Ketua DPD La Nyalla dan Oesman Sapta Odang Bahas Wacana Amandemen UUD 1945

IVOOX.id, Jakarta - Ketua DPD RI La Nyalla Mahmud Mattalitti bertemu dengan Mantan Ketua DPD RI Oesman Sapta Odang untuk membahas wacana amandemen UUD 1945 pada Jumat, 14 Mei 2021.
Dalam pertemuannya, La Nyalla mengatakan bahwa DPD RI telah membentuk Tim Kerja Pokok-pokok Haluan Negara (Timja-PPHN) yang diketuai oleh Jimly Asshdiqqie dan bertugas untuk menyiapkan amandemen UUD 1945 untuk yang kelima kalinya.
"Tim ini bertugas menyiapkan materi seputar persiapan Amandemen ke-5 UUD 1945," kata La Nyalla pada Sabtu,15 Mei 2021.
Oesman Sapta Odang menyatakan bahwa dalam amandemen UUD 1495 yang terbaru juga perlu adanya hak bagi DPD RI untuk mengajukan pasangan calon presiden dan wakil presiden (wapres) pada saat Pemilu berlangsung.
Menurutnya, selama ini calon presiden dan wapres hanya dapat diajukan melalui partai politik.
"Sudah seharusnya bagi DPD RI juga menjadi salah satu saluran untuk mengajukan pasangan calon presiden dan wakil presiden yang berasal dari luar kader partai politik," ujar dia.
Oesman Sapta Odang menambahkan, setiap warga negara memiliki hak yang sama untuk memilih maupun dipilih dalam Pemilu.

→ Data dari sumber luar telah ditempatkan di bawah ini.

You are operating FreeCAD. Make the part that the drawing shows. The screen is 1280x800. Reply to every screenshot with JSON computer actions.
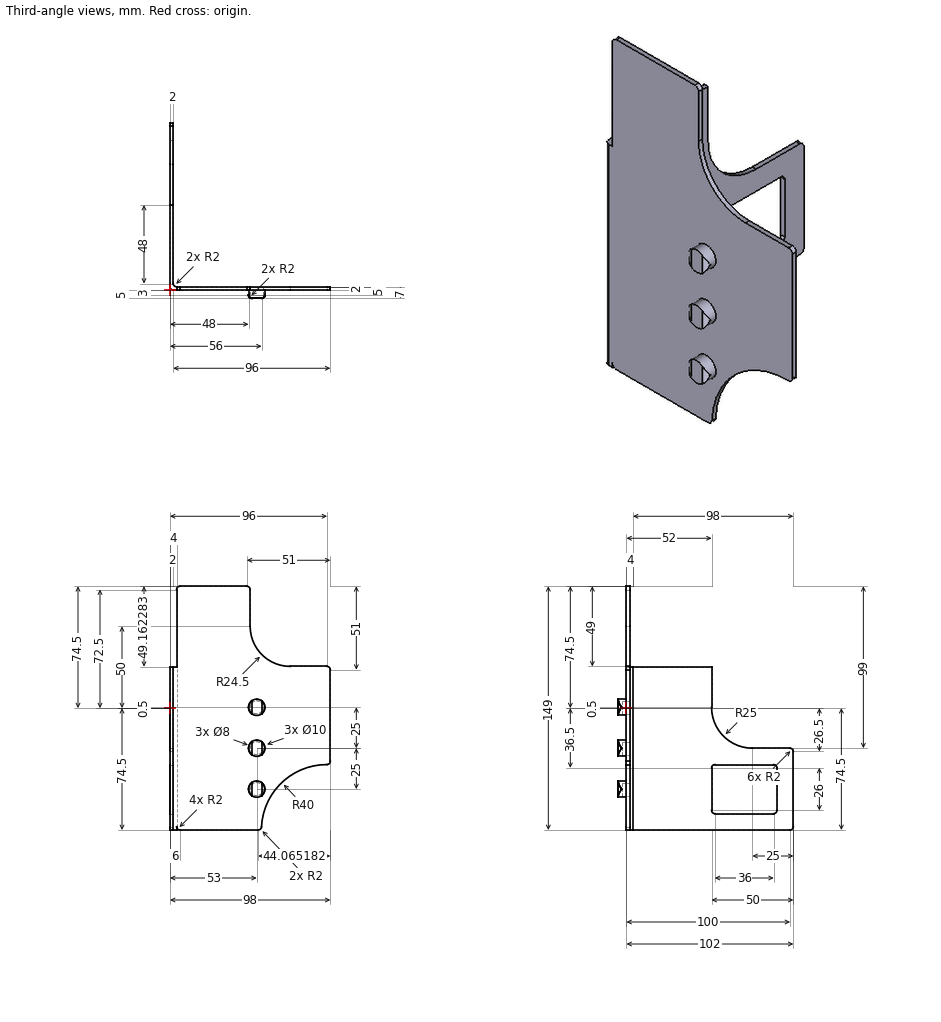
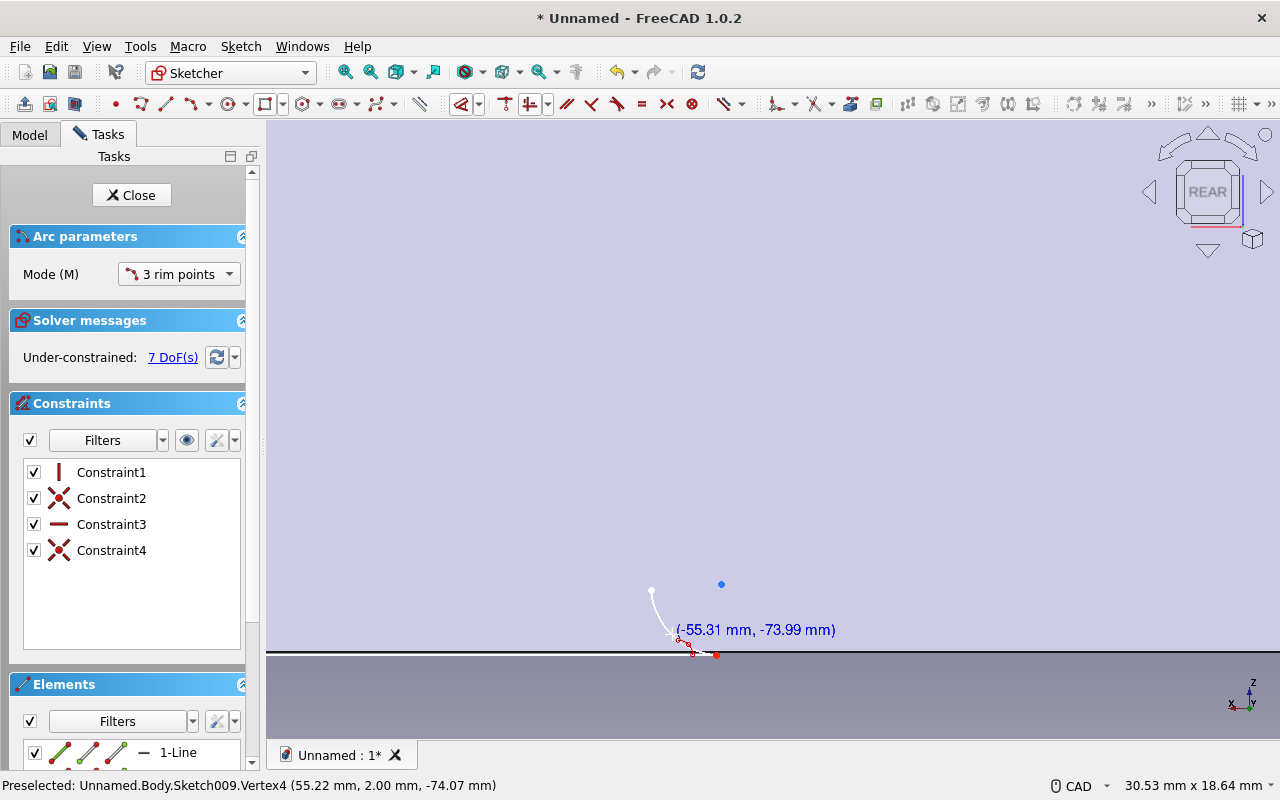
{"action": "scroll", "coordinate": [669, 630], "scroll_direction": "down", "scroll_amount": 9}

Pria yang akrab disapa OSO itu juga mengatakan bahwa pada masa lalu, presiden dan wapres hanya dapat dipilih MPR dengan mempertimbangkan representasi partai politik dan utusan golongan serta utusan daerah.
"Lalu dalam amandemen UUD 1945, presiden dipilih rakyat tapi yang mengajukan hanya partai politik. Lalu anggota MPR yang di luar partai politik untuk apa ada di Senayan padahal saat ini penerimaan dari utusan daerah itu adalah DPD RI," katanya.

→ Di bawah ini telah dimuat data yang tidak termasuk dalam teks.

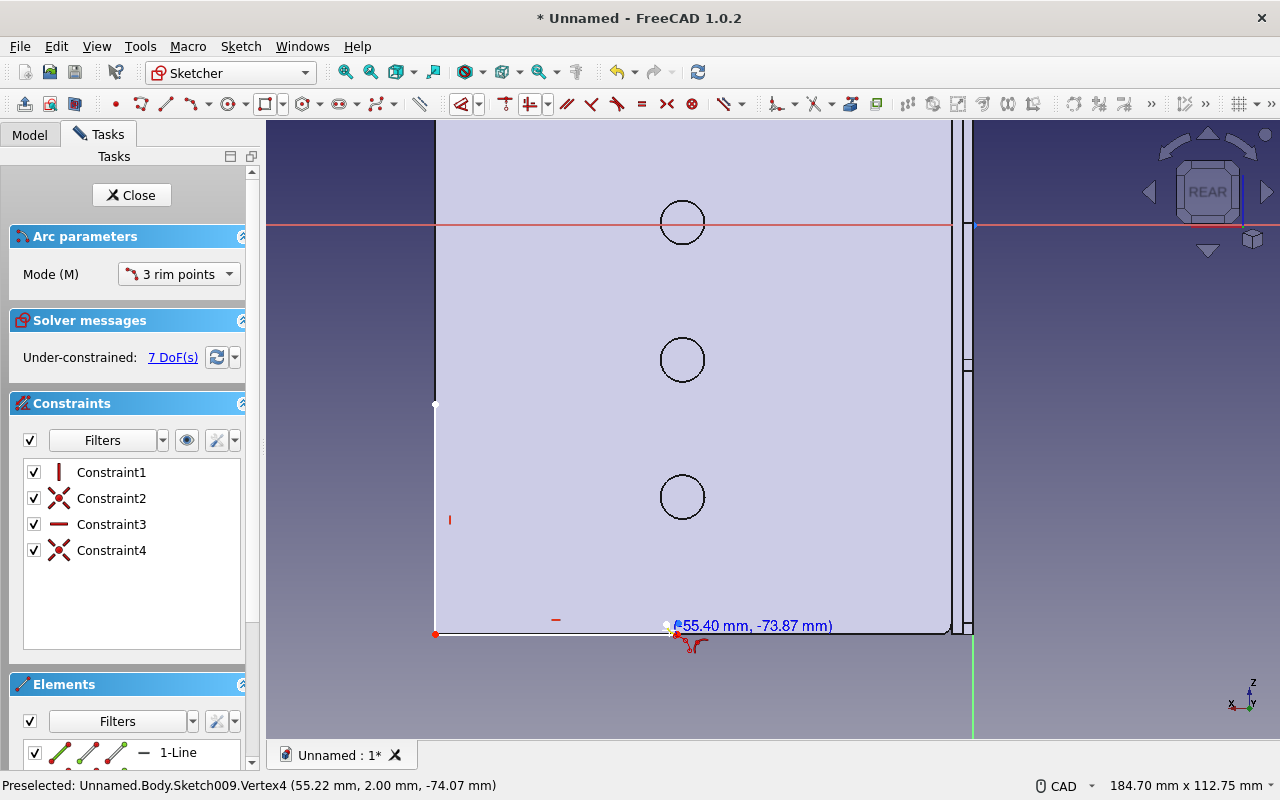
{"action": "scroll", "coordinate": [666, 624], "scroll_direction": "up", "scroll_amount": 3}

Bagi Oesman Sapta Odang, sudah saatnya DPD RI untuk memiliki hak mengusung calon presiden dan wapres di luar kader partai politik.

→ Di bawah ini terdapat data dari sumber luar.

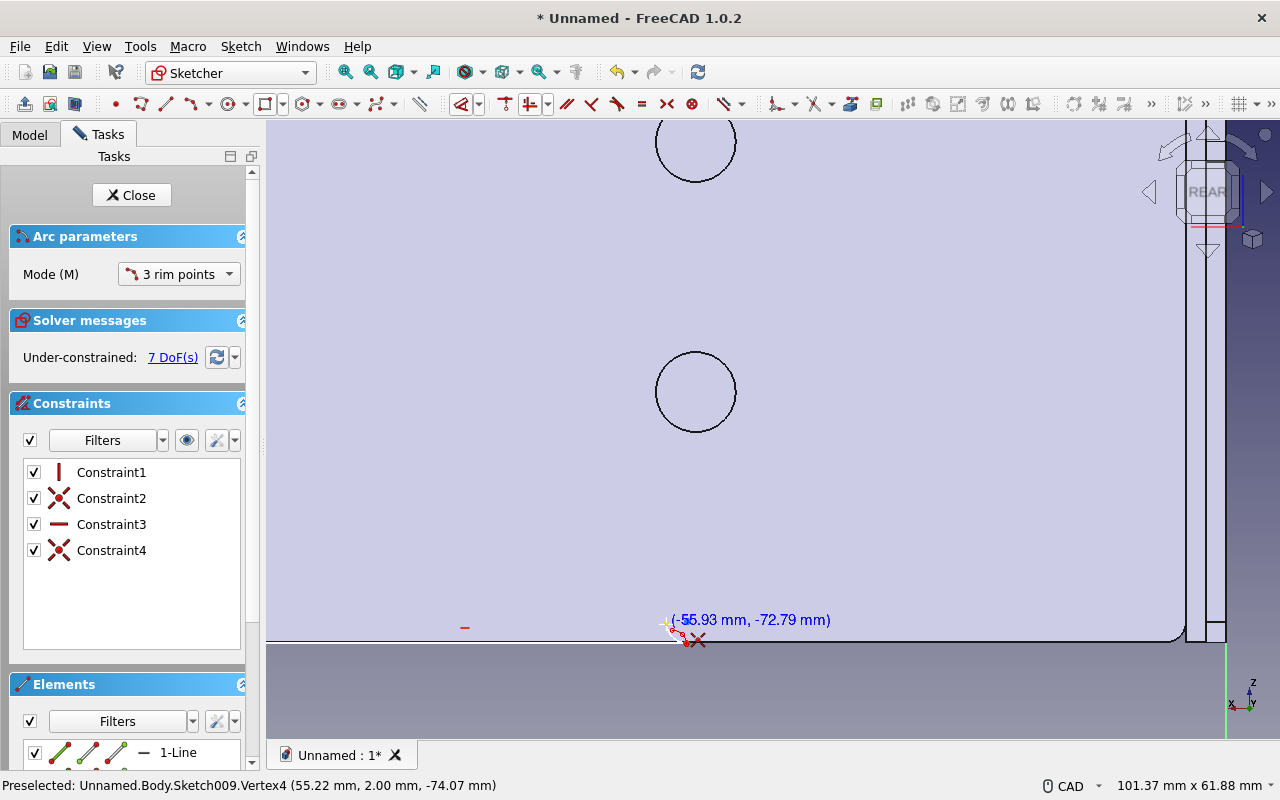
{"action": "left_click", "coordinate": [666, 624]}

"Jadi DPD RI bisa membuat konvensi untuk menjaring kader-kader terbaik bangsa yang bukan kader partai," ujarnya.
Belum selesai di situ, Oesman Sapta Odang juga menyinggung ketentuan mengenai presidential treshold sebagai salah satu persyaratan pencalonan presiden dan wakil presiden dalam Pemilu sebesar 20 persen.
Hal tersebut menjadi sangat merugikan partai politik yang tidak memenuhi persyaratan tersebut, karena mau tidak mau harus berkoalisi dengan partai lainnya.
Dia mencontohkan, Pilpres pada Pemilu 2019 yang digelar secara bersamaan dengan Pileg hanya diikuti oleh dua pasangan sehingga menimbulkan polarisasi yang sangat tajam di kalangan masyarakat.
"Akibatnya seperti (Pemilu 2019) kemarin, calon cuma dua pasangan. Dampaknya, masyarakat terbelah dengan sangat tajam, yang rugi bangsa ini," tuturnya mengakhiri pernyataan.